This sequence identifies the root cause of a session failure in five steps, typically under 10 minutes. Each check eliminates one failure class: loading, input variation, configuration drift, non-determinism, and context override. Most failures resolve at step 1 or 2. Run these checks in order and stop when you find the cause.

  1. Confirm the skill loaded: In the fresh session, run /skills. Verify your skill appears in the list. If it doesn't, the problem is at the loading layer, not the execution layer. Start with Why Isn't My Claude Code Skill Working?.
  2. Use the exact same input: Copy the verbatim input from the working session. Not a paraphrase. The exact text. Many session-to-session failures are input variation failures in disguise. Research on LLM reliability found instruction-following accuracy drops by up to 61.8% across semantically similar but subtly varied prompts. A paraphrase that looks equivalent to you can look meaningfully different to the model (Dong et al., "Revisiting the Reliability of Language Models in Instruction-Following," arXiv:2512.14754, 2024).
  3. Check for changes since the last working session: Review CLAUDE.md and the skill folder for modifications. If anything changed, revert it and test again.
  4. Run the skill 5 times with identical input: This isolates non-determinism from structural failure. Consistent failure across 5 runs points to the instructions.

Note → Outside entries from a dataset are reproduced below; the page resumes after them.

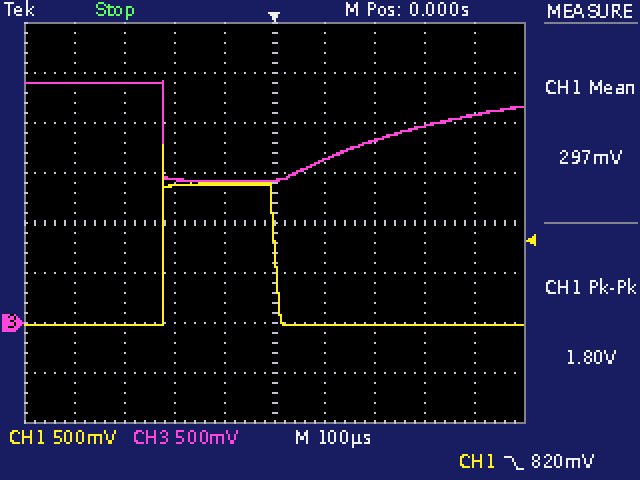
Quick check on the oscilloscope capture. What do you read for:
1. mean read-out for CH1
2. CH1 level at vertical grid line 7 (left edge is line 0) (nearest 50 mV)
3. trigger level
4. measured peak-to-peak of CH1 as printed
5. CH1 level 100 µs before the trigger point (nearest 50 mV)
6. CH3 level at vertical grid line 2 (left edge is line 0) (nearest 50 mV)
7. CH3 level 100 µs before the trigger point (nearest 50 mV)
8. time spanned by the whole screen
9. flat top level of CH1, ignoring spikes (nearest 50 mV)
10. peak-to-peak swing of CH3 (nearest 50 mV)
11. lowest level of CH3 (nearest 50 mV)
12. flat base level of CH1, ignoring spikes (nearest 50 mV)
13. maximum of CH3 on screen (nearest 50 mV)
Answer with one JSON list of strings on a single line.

["297 mV", "0 mV", "820 mV", "1.80 V", "1.40 V", "2.40 V", "1.40 V", "1 ms", "1.40 V", "1.00 V", "1.40 V", "0 mV", "2.40 V"]
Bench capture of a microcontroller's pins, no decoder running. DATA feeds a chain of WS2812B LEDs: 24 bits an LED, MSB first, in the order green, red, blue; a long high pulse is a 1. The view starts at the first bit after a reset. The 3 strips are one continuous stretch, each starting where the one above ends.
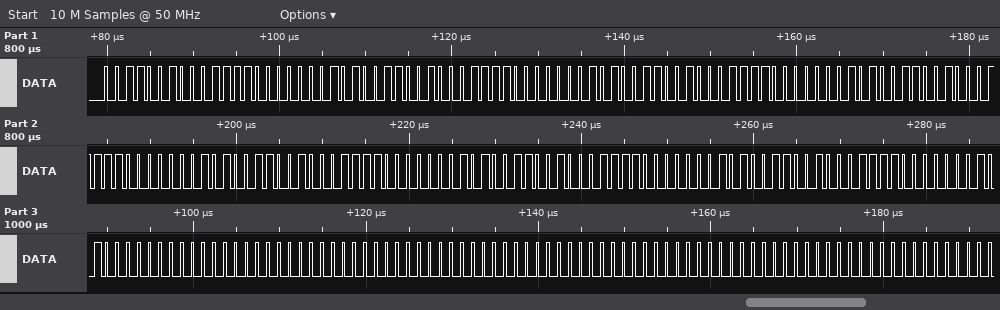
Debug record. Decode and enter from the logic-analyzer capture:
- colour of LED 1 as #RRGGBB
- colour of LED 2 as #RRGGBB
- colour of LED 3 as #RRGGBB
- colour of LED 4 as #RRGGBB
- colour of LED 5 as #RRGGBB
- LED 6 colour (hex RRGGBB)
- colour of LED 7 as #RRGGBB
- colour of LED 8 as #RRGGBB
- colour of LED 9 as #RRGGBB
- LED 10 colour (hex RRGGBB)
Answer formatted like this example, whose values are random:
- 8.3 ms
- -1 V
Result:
- #3C3205
- #3C3205
- #3C3205
- #3C3205
- #3C3205
- #3C3205
- #3C3205
- #000000
- #000000
- #000000
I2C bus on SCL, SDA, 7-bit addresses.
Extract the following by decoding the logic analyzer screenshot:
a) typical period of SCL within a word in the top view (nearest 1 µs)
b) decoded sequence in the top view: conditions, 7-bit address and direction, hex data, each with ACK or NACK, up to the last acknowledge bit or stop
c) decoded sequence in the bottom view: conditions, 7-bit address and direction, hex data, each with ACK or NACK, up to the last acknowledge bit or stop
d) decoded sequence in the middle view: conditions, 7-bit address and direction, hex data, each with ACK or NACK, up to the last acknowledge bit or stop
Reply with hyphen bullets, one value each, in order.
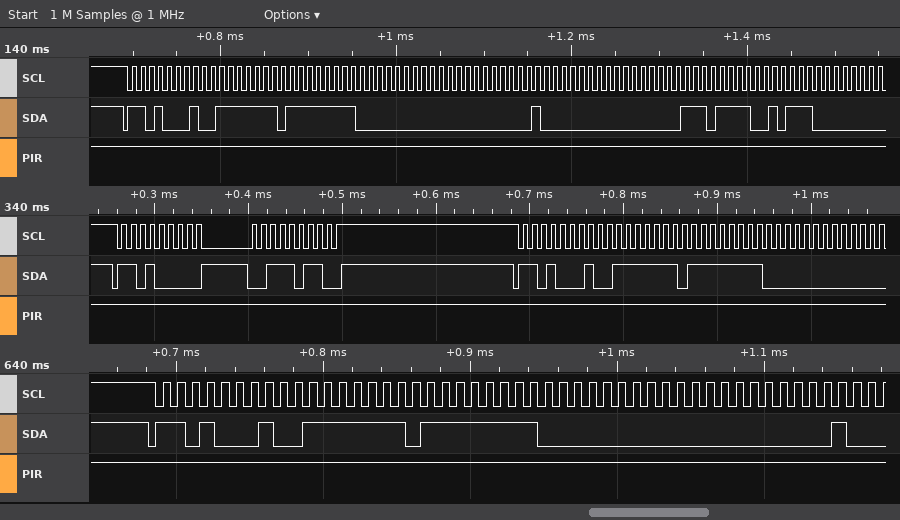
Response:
- 10 µs
- start, address 68 read ACK, 7F ACK, FF ACK, 00 ACK, 00 ACK, 40 ACK, 00 ACK, EF ACK, 5C ACK
- start, address 68 read ACK, 7F ACK, FF ACK, 00 ACK, 00 ACK
- start, address 68 write ACK, 3B ACK, stop, start, address 68 read ACK, 7F ACK, FF ACK, 00 ACK
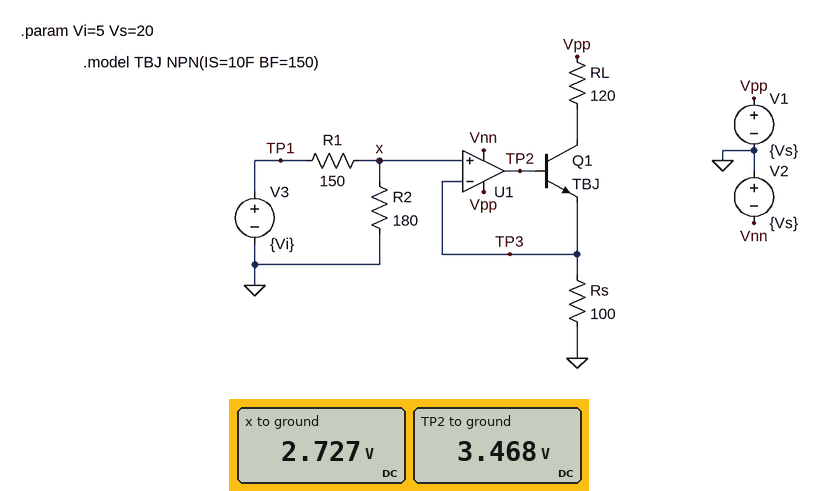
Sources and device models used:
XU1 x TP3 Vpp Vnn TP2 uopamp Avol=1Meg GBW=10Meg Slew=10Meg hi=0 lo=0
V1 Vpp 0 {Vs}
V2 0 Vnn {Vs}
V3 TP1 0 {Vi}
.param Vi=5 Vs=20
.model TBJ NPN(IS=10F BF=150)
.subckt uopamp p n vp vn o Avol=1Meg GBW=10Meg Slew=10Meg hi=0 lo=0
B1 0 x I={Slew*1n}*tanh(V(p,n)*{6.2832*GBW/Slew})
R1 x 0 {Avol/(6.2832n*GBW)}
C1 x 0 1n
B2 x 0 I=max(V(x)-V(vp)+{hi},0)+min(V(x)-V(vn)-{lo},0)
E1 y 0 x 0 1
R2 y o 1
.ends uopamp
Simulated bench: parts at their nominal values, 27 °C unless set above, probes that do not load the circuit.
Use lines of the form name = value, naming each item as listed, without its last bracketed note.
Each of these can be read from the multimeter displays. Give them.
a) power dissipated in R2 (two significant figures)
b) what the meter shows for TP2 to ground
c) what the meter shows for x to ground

power dissipated in R2 = 41 mW
what the meter shows for TP2 to ground = 3.468 V
what the meter shows for x to ground = 2.727 V
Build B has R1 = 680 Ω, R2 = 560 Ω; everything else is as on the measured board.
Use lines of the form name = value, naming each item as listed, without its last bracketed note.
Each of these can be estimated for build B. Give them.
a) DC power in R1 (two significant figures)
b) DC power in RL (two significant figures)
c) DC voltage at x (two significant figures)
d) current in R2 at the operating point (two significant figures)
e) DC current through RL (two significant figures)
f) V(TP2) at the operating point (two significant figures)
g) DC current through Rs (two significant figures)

DC power in R1 = 11 mW
DC power in RL = 60 mW
DC voltage at x = 2.3 V
current in R2 at the operating point = 4.0 mA
DC current through RL = 22 mA
V(TP2) at the operating point = 3.0 V
DC current through Rs = 23 mA
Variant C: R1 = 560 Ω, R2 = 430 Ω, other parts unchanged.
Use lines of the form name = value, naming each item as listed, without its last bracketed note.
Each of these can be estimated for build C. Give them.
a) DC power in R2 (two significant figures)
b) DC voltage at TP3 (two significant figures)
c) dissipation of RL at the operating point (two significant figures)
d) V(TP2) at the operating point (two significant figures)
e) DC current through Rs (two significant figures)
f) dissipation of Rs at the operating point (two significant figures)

DC power in R2 = 11 mW
DC voltage at TP3 = 2.2 V
dissipation of RL at the operating point = 56 mW
V(TP2) at the operating point = 2.9 V
DC current through Rs = 22 mA
dissipation of Rs at the operating point = 47 mW
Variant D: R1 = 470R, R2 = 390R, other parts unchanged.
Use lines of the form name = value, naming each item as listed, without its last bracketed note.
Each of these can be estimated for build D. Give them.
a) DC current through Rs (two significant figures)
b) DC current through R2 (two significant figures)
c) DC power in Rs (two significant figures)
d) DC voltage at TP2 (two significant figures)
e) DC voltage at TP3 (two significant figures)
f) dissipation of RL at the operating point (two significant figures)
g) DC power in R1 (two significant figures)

DC current through Rs = 23 mA
DC current through R2 = 5.8 mA
DC power in Rs = 51 mW
DC voltage at TP2 = 3.0 V
DC voltage at TP3 = 2.3 V
dissipation of RL at the operating point = 61 mW
DC power in R1 = 16 mW
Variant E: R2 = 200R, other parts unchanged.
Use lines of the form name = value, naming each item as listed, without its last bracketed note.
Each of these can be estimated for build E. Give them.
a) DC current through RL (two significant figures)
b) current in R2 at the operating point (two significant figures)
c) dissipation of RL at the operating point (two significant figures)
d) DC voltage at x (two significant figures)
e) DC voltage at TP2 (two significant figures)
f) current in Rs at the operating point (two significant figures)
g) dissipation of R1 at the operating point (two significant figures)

DC current through RL = 28 mA
current in R2 at the operating point = 14 mA
dissipation of RL at the operating point = 97 mW
DC voltage at x = 2.9 V
DC voltage at TP2 = 3.6 V
current in Rs at the operating point = 29 mA
dissipation of R1 at the operating point = 31 mW
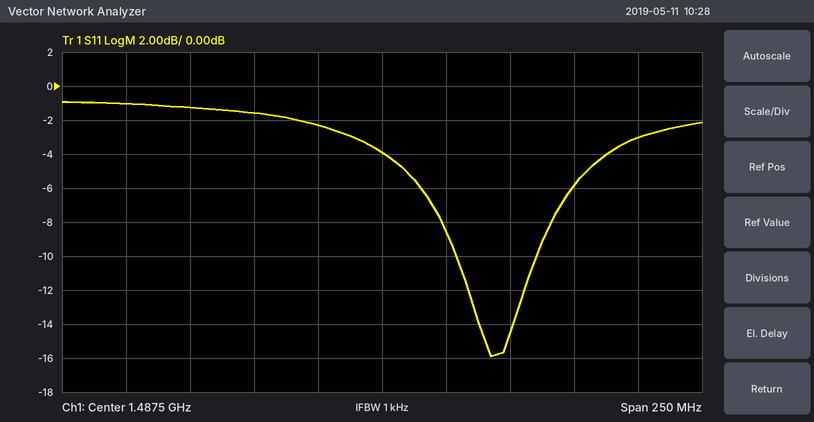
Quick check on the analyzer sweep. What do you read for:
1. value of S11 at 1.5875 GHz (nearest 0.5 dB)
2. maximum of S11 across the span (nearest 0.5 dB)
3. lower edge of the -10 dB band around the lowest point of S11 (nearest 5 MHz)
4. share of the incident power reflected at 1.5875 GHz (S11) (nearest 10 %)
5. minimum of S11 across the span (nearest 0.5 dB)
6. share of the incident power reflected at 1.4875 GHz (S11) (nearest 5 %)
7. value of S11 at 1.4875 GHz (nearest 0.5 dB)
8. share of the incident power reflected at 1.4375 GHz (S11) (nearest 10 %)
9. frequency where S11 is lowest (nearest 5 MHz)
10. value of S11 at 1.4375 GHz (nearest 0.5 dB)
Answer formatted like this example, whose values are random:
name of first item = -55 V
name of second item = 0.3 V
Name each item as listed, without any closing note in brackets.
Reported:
value of S11 at 1.5875 GHz = -3.0 dB
maximum of S11 across the span = -1.0 dB
lower edge of the -10 dB band around the lowest point of S11 = 1.515 GHz
share of the incident power reflected at 1.5875 GHz (S11) = 50 %
minimum of S11 across the span = -16.0 dB
share of the incident power reflected at 1.4875 GHz (S11) = 40 %
value of S11 at 1.4875 GHz = -4.0 dB
share of the incident power reflected at 1.4375 GHz (S11) = 70 %
frequency where S11 is lowest = 1.530 GHz
value of S11 at 1.4375 GHz = -1.5 dB
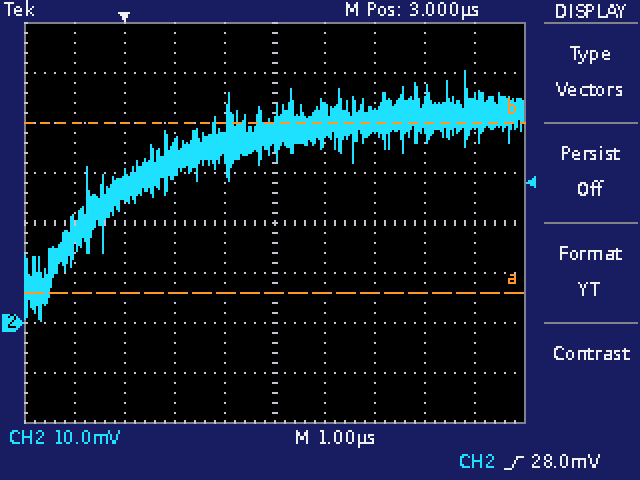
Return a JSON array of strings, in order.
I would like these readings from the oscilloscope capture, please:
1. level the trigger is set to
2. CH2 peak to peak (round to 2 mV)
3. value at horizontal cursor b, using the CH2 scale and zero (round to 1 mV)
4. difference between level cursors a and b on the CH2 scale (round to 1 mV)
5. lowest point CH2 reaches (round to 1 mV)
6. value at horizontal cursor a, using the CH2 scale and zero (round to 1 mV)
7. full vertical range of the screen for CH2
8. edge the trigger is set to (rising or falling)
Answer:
["28.0 mV", "50 mV", "40 mV", "34 mV", "0 mV", "6 mV", "80 mV", "rising"]
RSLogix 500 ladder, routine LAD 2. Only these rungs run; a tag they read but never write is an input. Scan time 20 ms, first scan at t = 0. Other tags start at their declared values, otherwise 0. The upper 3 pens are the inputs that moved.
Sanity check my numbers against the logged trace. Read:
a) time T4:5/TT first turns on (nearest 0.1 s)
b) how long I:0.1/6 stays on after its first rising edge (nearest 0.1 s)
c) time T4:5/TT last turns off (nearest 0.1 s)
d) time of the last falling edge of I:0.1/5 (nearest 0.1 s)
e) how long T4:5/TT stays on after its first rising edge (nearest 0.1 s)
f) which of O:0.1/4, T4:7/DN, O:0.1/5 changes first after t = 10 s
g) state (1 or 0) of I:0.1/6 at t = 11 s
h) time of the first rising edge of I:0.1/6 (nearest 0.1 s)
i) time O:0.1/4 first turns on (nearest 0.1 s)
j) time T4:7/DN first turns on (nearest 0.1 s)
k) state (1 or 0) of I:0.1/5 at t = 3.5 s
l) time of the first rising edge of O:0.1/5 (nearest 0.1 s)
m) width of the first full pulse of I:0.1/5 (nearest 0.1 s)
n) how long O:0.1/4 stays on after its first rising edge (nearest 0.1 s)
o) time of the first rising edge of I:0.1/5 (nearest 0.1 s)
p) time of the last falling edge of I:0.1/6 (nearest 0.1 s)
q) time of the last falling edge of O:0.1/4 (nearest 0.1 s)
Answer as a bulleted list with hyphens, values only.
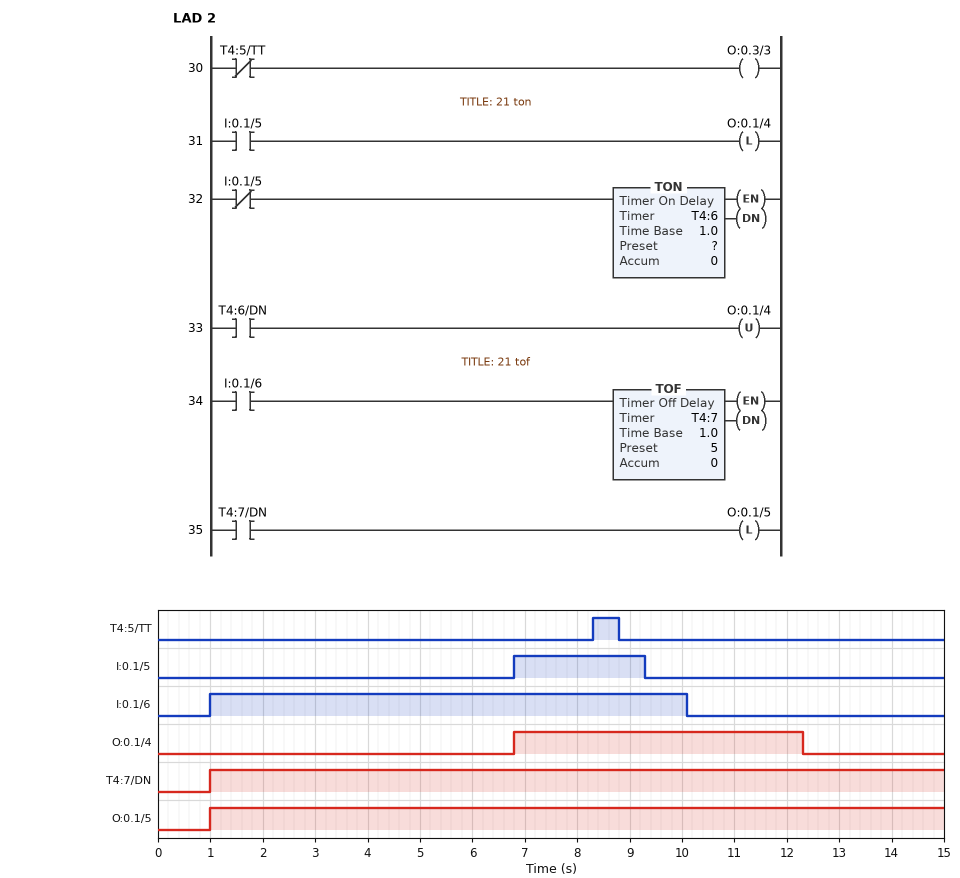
- 8.3 s
- 9.1 s
- 8.8 s
- 9.3 s
- 0.5 s
- O:0.1/4
- 0
- 1.0 s
- 6.8 s
- 1.0 s
- 0
- 1.0 s
- 2.5 s
- 5.5 s
- 6.8 s
- 10.1 s
- 12.3 s
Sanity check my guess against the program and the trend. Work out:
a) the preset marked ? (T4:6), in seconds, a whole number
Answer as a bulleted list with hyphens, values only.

- 3 s
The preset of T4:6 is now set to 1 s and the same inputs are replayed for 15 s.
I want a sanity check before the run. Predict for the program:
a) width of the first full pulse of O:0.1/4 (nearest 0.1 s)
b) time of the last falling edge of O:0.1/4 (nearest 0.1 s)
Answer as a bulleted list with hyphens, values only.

- 3.5 s
- 10.3 s
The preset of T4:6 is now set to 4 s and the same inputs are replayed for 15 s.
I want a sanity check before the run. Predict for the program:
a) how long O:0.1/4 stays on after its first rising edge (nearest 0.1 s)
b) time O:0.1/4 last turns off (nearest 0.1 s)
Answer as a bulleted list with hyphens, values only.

- 6.5 s
- 13.3 s
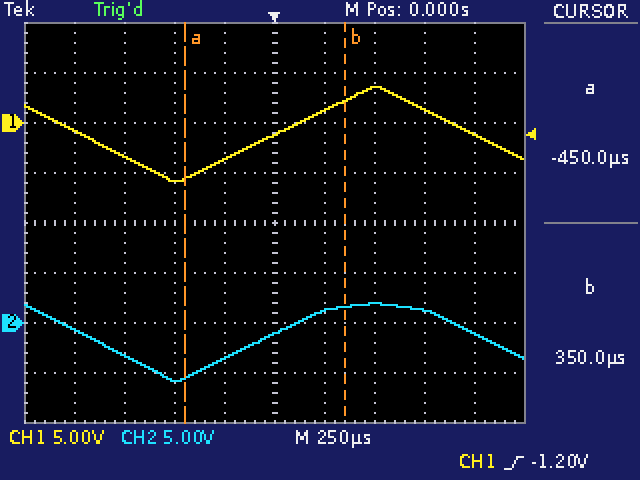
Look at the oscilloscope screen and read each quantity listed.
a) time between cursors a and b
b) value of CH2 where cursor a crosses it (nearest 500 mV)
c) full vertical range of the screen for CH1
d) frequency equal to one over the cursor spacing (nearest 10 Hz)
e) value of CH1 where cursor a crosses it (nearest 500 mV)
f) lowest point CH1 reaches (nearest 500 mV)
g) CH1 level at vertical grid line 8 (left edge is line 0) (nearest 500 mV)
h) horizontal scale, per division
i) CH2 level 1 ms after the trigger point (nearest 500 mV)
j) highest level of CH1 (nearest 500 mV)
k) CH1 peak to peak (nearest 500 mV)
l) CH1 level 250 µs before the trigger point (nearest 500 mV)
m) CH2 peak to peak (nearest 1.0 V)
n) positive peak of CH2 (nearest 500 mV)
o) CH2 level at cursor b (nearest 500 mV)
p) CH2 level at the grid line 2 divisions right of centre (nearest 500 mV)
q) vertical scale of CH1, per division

800 µs
-5.5 V
40 V
1.25 kHz
-5.5 V
-6.0 V
1.5 V
250 µs
-1.0 V
3.5 V
9.5 V
-3.5 V
8.0 V
2.0 V
1.5 V
2.0 V
5 V
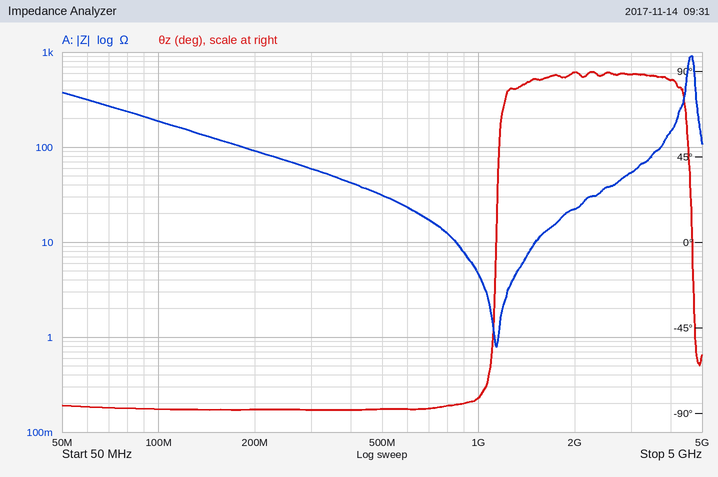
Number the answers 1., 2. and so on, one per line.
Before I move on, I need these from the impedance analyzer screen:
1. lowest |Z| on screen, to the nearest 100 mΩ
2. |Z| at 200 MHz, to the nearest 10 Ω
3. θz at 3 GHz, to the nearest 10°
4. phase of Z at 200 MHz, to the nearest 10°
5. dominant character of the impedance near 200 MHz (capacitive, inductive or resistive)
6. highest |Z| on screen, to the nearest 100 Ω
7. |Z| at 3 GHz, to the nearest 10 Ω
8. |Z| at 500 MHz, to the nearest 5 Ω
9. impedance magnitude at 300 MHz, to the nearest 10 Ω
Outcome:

Variable failure points to sampling, output constraints, or conflicting context.
  5. Ask Claude to repeat the skill's instructions: "Tell me what this skill is supposed to do and the steps it follows." Compare the answer against your SKILL.md. If the two diverge, something in the session's context is overriding or supplementing the skill's instructions.

FAQ

Most session-to-session failures trace to context bleed or input variation, not to Claude being unpredictable. The skill worked in your design session because that session carried context a fresh session never has. Rule out context bleed and configuration drift first; remaining failures split between trigger issues and output contract gaps.

My skill works when I type /skill-name directly but fails when I describe the task naturally. Is that a session issue? No, that's a description issue. The auto-trigger description isn't specific enough to match natural-language prompts. The manual invocation bypasses description matching entirely. See My Skill Works via Slash Command but Not When Claude Should Auto-Trigger It.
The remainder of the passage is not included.